Notably this GPU buffer is not guaranteed to follow any intuitive sense of organization (e.g. every k rows holds data for one sub-scene) which is the tradeoff for getting better performance. But in any case this example shows the organization of data when the physx scene has 3 rigid body actors in red and 3 articulations with varying number of links / degrees of freedom (DOF) in green. SAPIEN will pad the number of rows allocated per articulation to be the highest DOF in the entire physx scene.

ManiSkill Design Principles#

Batched Everything#

ManiSkill aims to support both CPU and GPU parallelization schemes for parallelizing simulation. The reason is some tasks inherently are too difficult to simulate on a GPU any faster than you could get more CPUs on even non-industrial setups. With that in mind, nearly all of ManiSkill code exposes data to users as batched data (batch dimension = number of parallel environments) and treats a batch size of 1 in CPU simulation as a special case.

Managed Objects and Views#

ManiSkill can be seen as a pythonic interface over SAPIEN, the underlying system. SAPIEN seeks to be minimal, flexible, and fast. ManiSkill is more managed and provides tools to use SAPIEN easily for various workflows particularly in machine learning. A common example of this is that many objects in SAPIEN have equivalents in ManiSkill that simply wrap around the SAPIEN objects, most of which can be found in the mani_skill.utils.structs module

The Actor class for example wraps around sapien.Entity objects that correspond to actual objects spawned in the simulator in each sub-scene, and allows easy access to otherwise highly compact/optimized GPU buffers that SAPIEN exposes to then fetch batched data like pose, velocities, pairwise contact forces etc.

Similarly, the Pose class itself is a wrapper around the common sapien.Pose object and is effectively a batched version of that.

Another way to view these wrappers is to see that these wrappers are alternative views of otherwise the same data the raw GPU buffers expose. By understanding this perspective, it becomes easier to think about building tasks where you are simulating very different sub-scenes with different articulations that have different degrees of freedoms and different numbers of objects.
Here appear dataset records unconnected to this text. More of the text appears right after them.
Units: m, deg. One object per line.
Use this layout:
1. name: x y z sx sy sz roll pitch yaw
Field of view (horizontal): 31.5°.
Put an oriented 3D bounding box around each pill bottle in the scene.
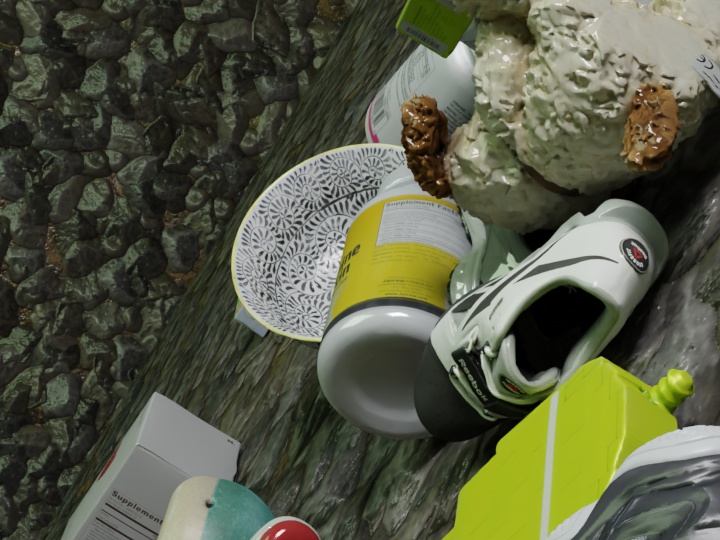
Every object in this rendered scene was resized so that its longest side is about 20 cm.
1. pill bottle: 0.037 0.012 0.901 0.112 0.111 0.201 -49 17 36
2. pill bottle: 0.095 -0.160 1.106 0.200 0.113 0.114 -42 20 52

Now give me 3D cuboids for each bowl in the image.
1. bowl: 0.000 0.000 1.071 0.198 0.095 0.203 -11 51 14

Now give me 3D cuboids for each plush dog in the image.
1. plush dog: 0.119 -0.083 0.733 0.172 0.197 0.162 128 146 -51

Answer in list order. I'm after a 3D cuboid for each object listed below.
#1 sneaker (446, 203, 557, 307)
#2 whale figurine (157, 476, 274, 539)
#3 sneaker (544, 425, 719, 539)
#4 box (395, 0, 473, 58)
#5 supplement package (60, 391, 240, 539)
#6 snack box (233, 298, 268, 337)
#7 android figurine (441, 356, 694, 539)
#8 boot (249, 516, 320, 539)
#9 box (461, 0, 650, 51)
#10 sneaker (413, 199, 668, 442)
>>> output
1. sneaker: 0.110 -0.030 0.856 0.079 0.074 0.201 -38 26 29
2. whale figurine: -0.117 0.263 1.029 0.160 0.102 0.202 -79 0 -58
3. sneaker: 0.084 0.153 0.457 0.201 0.075 0.114 -52 10 17
4. box: 0.095 -0.247 0.818 0.202 0.047 0.122 -62 3 -13
5. supplement package: -0.235 0.261 1.398 0.201 0.119 0.122 -54 11 18
6. snack box: -0.093 -0.027 1.696 0.201 0.053 0.143 -55 11 17
7. android figurine: 0.088 0.123 0.605 0.200 0.041 0.183 -51 14 34
8. boot: -0.055 0.255 0.805 0.144 0.072 0.202 -28 40 67
9. box: 0.175 -0.221 0.890 0.201 0.130 0.199 -57 11 4
10. sneaker: 0.082 0.045 0.710 0.200 0.074 0.089 -50 0 39

The functions Actor.merge, Articulation.merge, and Link.merge enable reshaping the view you have over the GPU buffers so that you can e.g. get the poses of a different objects in different parallel sub-scenes. You are no longer restricted to fetching data of just the same geometries and being forced to write complicated for loops / indexing code to figure out what indices on the GPU buffer correspond with what you want.